-- THE DATA follows --
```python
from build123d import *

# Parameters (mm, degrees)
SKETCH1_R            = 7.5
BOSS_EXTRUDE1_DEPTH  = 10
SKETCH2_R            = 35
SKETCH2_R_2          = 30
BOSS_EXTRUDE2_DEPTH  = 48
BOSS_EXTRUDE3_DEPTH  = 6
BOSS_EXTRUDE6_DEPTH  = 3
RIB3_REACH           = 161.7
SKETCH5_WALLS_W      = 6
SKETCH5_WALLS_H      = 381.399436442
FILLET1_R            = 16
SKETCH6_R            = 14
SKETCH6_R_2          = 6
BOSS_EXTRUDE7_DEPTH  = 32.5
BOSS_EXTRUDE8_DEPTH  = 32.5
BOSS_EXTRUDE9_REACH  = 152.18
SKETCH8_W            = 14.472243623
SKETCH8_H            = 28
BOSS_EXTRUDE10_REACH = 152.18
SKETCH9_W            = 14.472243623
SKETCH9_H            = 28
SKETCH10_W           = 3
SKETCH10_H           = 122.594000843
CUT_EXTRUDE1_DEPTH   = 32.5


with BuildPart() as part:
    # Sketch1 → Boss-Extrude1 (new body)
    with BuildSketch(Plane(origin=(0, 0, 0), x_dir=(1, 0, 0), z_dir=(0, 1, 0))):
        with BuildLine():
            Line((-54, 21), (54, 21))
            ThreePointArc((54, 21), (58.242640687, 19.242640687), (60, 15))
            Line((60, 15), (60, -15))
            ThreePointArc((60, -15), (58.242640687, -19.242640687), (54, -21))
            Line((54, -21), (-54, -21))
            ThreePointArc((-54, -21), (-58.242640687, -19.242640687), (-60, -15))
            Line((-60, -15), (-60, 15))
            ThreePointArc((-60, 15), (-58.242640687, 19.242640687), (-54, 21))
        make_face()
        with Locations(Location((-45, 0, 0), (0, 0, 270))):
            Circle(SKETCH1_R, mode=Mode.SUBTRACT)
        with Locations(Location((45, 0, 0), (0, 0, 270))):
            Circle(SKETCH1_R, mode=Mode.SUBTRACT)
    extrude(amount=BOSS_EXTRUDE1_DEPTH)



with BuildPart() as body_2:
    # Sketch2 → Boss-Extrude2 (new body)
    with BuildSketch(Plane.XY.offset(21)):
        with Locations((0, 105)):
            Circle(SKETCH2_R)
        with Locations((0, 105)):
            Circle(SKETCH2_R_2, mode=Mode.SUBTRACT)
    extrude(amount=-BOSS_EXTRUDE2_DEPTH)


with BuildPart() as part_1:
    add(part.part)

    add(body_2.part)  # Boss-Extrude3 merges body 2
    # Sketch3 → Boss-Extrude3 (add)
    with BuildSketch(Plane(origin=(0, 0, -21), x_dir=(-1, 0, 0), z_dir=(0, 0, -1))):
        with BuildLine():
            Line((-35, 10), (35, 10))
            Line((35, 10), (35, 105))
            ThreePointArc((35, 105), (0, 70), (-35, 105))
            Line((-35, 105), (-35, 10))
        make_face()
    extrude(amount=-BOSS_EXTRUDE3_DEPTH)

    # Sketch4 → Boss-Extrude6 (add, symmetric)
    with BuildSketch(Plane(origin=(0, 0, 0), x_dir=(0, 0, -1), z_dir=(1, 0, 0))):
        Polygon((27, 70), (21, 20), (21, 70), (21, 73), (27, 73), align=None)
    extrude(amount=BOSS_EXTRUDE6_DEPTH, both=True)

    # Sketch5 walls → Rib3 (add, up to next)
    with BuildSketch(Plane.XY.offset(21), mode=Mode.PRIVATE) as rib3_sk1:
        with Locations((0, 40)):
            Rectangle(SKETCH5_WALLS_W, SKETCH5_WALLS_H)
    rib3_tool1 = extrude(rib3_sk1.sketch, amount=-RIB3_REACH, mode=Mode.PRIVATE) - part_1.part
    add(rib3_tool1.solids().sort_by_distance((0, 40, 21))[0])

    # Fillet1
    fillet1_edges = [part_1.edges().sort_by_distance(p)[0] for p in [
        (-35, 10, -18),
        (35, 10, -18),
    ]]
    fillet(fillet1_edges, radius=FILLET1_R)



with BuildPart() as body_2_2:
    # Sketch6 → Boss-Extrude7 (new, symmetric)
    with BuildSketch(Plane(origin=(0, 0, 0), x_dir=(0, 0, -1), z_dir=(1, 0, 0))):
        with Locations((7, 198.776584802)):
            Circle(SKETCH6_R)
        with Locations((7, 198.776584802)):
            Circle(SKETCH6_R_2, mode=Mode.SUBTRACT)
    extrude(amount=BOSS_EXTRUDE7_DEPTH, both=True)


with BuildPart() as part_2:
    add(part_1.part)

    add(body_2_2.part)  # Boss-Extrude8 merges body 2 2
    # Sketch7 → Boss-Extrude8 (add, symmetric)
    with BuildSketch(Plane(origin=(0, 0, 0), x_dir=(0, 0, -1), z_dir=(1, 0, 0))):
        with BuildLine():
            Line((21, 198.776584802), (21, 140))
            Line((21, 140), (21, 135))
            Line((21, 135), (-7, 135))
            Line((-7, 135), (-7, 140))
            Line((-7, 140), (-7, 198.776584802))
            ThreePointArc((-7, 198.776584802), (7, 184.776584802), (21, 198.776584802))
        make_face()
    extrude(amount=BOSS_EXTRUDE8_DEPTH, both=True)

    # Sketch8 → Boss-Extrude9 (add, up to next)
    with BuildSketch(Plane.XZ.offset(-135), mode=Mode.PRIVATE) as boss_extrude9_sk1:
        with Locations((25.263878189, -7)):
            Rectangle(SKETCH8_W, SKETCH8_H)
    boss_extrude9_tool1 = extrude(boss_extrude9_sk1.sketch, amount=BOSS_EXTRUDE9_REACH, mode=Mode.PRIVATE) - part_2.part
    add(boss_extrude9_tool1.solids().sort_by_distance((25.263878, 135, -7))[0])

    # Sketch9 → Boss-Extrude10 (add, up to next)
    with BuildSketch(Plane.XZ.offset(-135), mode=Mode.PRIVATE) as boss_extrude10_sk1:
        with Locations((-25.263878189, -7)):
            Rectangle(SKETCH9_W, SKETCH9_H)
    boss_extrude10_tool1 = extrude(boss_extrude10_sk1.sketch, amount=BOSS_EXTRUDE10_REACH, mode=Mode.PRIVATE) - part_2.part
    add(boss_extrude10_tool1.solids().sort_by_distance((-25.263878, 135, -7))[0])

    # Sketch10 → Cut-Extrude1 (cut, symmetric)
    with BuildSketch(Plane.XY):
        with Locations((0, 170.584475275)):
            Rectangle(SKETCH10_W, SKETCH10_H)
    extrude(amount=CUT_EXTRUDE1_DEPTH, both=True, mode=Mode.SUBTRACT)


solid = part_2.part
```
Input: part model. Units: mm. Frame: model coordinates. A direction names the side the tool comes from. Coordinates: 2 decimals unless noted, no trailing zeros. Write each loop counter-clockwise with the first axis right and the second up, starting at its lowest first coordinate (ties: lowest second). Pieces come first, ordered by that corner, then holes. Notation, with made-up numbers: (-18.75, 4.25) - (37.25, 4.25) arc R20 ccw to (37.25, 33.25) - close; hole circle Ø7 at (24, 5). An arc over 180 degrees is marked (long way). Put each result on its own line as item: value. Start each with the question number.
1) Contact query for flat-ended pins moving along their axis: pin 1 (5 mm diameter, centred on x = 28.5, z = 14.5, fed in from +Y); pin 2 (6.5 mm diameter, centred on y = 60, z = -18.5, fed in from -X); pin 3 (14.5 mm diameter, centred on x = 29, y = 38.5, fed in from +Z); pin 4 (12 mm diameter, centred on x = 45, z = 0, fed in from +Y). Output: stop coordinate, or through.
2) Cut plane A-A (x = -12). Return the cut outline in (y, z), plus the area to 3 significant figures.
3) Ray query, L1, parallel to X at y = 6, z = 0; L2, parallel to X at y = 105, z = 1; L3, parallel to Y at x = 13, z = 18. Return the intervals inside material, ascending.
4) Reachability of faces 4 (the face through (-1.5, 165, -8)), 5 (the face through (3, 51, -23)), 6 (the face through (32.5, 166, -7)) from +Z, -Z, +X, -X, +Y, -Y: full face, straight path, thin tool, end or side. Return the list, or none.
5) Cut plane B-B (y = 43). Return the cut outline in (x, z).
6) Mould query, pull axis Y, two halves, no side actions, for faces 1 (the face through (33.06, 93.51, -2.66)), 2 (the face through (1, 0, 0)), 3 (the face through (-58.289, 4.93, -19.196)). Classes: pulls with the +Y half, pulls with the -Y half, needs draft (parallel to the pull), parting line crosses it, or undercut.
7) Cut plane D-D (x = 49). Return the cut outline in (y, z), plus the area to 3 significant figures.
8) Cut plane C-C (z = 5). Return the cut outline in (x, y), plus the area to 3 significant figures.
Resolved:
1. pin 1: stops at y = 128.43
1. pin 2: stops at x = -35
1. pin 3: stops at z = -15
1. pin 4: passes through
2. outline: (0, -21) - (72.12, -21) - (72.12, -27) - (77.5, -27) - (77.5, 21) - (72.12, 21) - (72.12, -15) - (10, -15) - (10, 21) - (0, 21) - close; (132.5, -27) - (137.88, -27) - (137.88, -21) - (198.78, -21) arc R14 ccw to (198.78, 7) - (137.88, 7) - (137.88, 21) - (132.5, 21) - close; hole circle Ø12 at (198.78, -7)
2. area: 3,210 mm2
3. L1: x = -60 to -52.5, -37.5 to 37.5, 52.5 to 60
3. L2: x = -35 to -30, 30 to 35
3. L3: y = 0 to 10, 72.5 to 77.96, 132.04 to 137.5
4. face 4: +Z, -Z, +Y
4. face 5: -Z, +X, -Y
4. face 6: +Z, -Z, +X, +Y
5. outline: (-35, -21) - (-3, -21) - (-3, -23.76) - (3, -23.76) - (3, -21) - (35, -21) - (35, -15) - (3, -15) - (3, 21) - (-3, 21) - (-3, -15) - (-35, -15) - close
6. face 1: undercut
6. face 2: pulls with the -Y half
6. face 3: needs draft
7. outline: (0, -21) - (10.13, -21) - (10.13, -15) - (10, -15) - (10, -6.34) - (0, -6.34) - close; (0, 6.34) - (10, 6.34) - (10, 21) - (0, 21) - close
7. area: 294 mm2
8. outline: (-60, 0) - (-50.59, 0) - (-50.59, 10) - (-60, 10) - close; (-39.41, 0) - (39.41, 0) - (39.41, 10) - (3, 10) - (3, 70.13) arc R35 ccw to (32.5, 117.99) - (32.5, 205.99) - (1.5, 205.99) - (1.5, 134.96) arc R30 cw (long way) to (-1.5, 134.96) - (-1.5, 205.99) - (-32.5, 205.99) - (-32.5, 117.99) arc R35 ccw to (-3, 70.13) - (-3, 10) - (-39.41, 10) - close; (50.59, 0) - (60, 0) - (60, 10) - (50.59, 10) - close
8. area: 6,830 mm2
-- THE DATA concluded --
- PROMPT -
Please copy out each line of the data in which the word "Return" occurs.

- COMPLETED TASK -
2) Cut plane A-A (x = -12). Return the cut outline in (y, z), plus the area to 3 significant figures.
3) Ray query, L1, parallel to X at y = 6, z = 0; L2, parallel to X at y = 105, z = 1; L3, parallel to Y at x = 13, z = 18. Return the intervals inside material, ascending.
4) Reachability of faces 4 (the face through (-1.5, 165, -8)), 5 (the face through (3, 51, -23)), 6 (the face through (32.5, 166, -7)) from +Z, -Z, +X, -X, +Y, -Y: full face, straight path, thin tool, end or side. Return the list, or none.
5) Cut plane B-B (y = 43). Return the cut outline in (x, z).
7) Cut plane D-D (x = 49). Return the cut outline in (y, z), plus the area to 3 significant figures.
8) Cut plane C-C (z = 5). Return the cut outline in (x, y), plus the area to 3 significant figures.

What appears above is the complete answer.